What is wanted is the line holding "text The Qvu Data Service provides" and every later line through the end of the entries, set down exactly.

(Data for this task)
+ + +
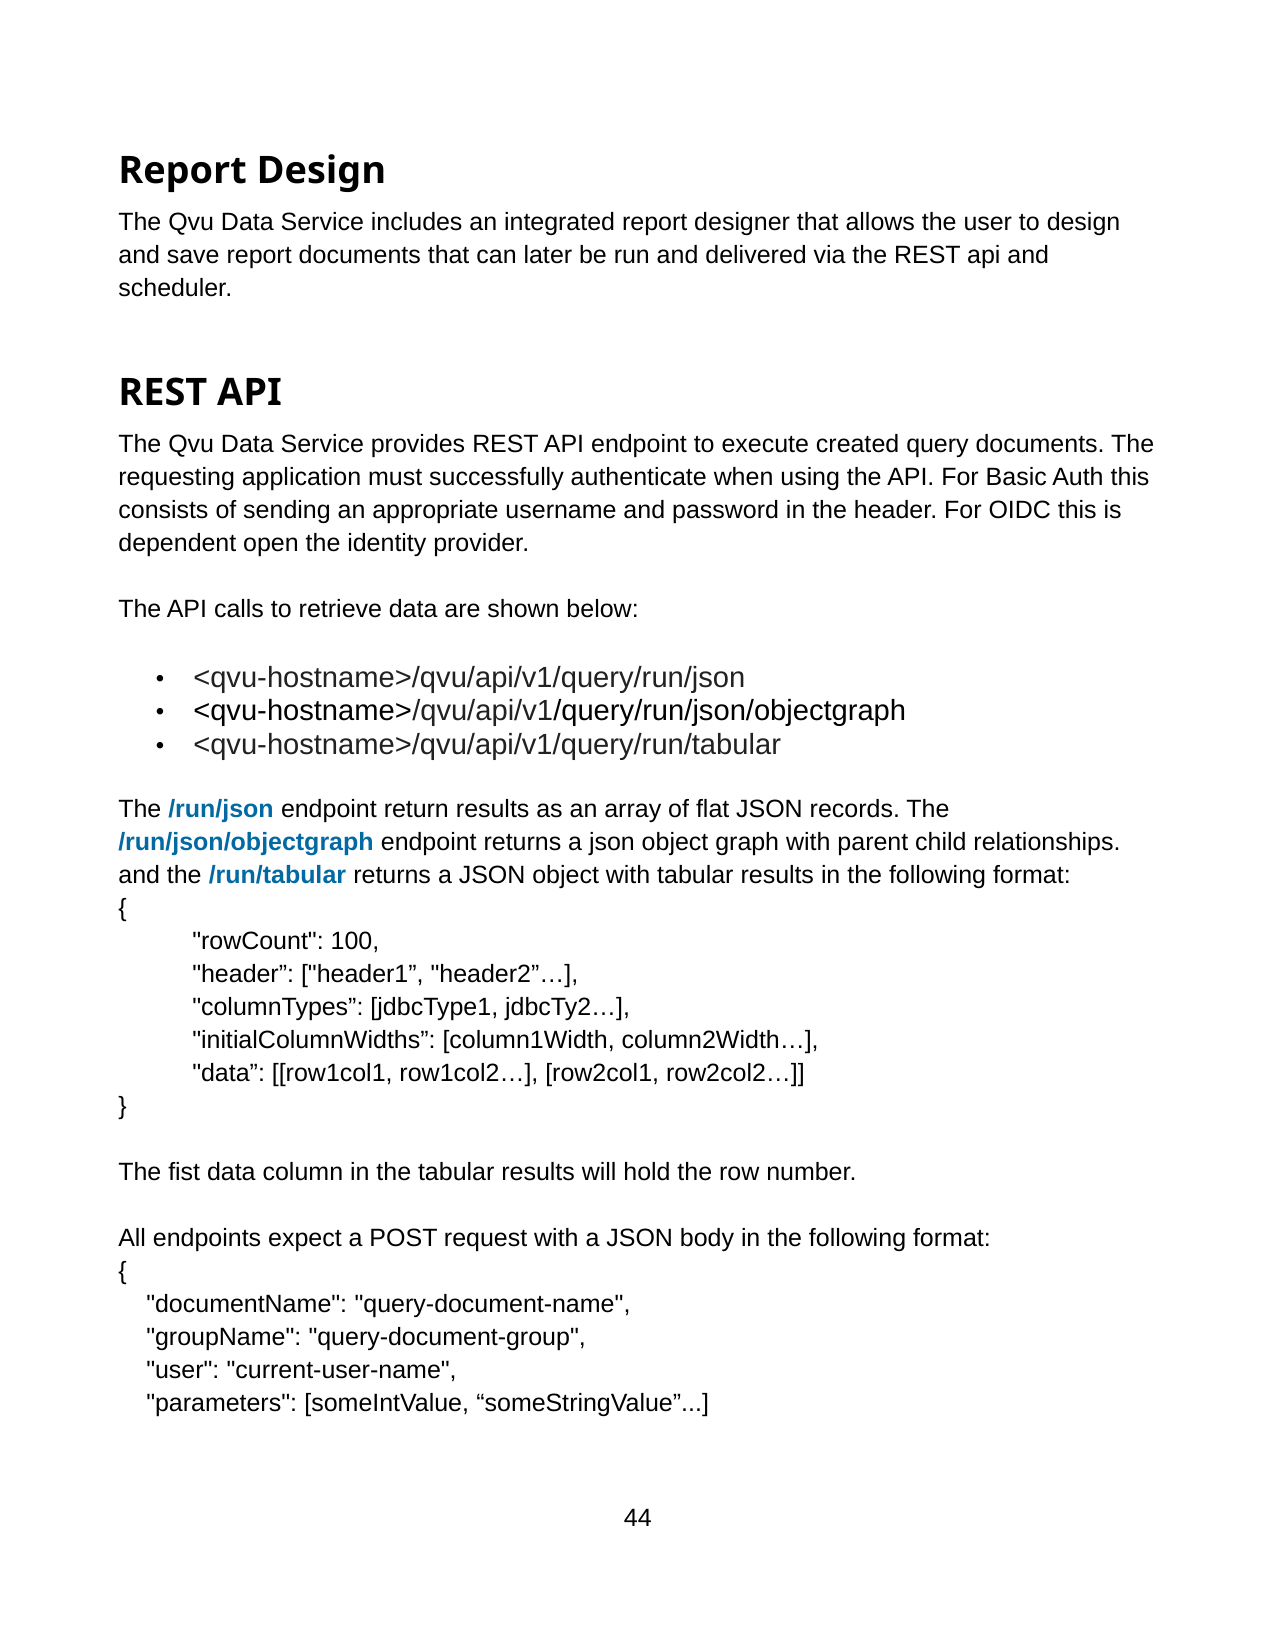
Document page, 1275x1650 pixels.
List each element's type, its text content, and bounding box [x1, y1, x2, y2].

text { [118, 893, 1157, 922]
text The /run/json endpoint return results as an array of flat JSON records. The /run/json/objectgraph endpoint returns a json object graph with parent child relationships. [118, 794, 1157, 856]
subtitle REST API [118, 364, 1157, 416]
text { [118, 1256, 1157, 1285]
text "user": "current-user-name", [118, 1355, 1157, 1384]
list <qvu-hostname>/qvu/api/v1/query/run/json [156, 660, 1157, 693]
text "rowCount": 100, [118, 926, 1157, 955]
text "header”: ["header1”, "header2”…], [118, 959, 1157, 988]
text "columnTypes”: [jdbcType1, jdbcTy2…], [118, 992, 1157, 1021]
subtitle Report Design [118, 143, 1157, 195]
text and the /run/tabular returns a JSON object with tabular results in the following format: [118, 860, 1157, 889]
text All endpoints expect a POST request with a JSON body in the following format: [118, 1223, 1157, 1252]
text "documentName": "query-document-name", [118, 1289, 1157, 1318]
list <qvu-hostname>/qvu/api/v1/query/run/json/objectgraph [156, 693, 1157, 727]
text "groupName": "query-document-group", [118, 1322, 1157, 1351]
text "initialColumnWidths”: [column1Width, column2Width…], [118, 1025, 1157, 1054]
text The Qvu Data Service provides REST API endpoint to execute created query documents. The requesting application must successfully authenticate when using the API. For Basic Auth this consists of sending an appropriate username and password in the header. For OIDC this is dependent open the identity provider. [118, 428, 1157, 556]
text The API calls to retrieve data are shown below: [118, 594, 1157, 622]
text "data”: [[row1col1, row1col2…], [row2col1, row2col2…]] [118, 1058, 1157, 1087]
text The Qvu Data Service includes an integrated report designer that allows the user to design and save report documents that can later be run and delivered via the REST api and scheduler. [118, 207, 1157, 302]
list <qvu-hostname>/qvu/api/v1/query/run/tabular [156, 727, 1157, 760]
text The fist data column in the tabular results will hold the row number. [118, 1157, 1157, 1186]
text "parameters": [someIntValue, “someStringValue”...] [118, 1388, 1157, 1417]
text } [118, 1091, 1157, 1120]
+ + +
(Exercise answer)
text The Qvu Data Service provides REST API endpoint to execute created query documents. The requesting application must successfully authenticate when using the API. For Basic Auth this consists of sending an appropriate username and password in the header. For OIDC this is dependent open the identity provider. [118, 428, 1157, 556]
text The API calls to retrieve data are shown below: [118, 594, 1157, 622]
text "data”: [[row1col1, row1col2…], [row2col1, row2col2…]] [118, 1058, 1157, 1087]
text The Qvu Data Service includes an integrated report designer that allows the user to design and save report documents that can later be run and delivered via the REST api and scheduler. [118, 207, 1157, 302]
list <qvu-hostname>/qvu/api/v1/query/run/tabular [156, 727, 1157, 760]
text The fist data column in the tabular results will hold the row number. [118, 1157, 1157, 1186]
text "parameters": [someIntValue, “someStringValue”...] [118, 1388, 1157, 1417]
text } [118, 1091, 1157, 1120]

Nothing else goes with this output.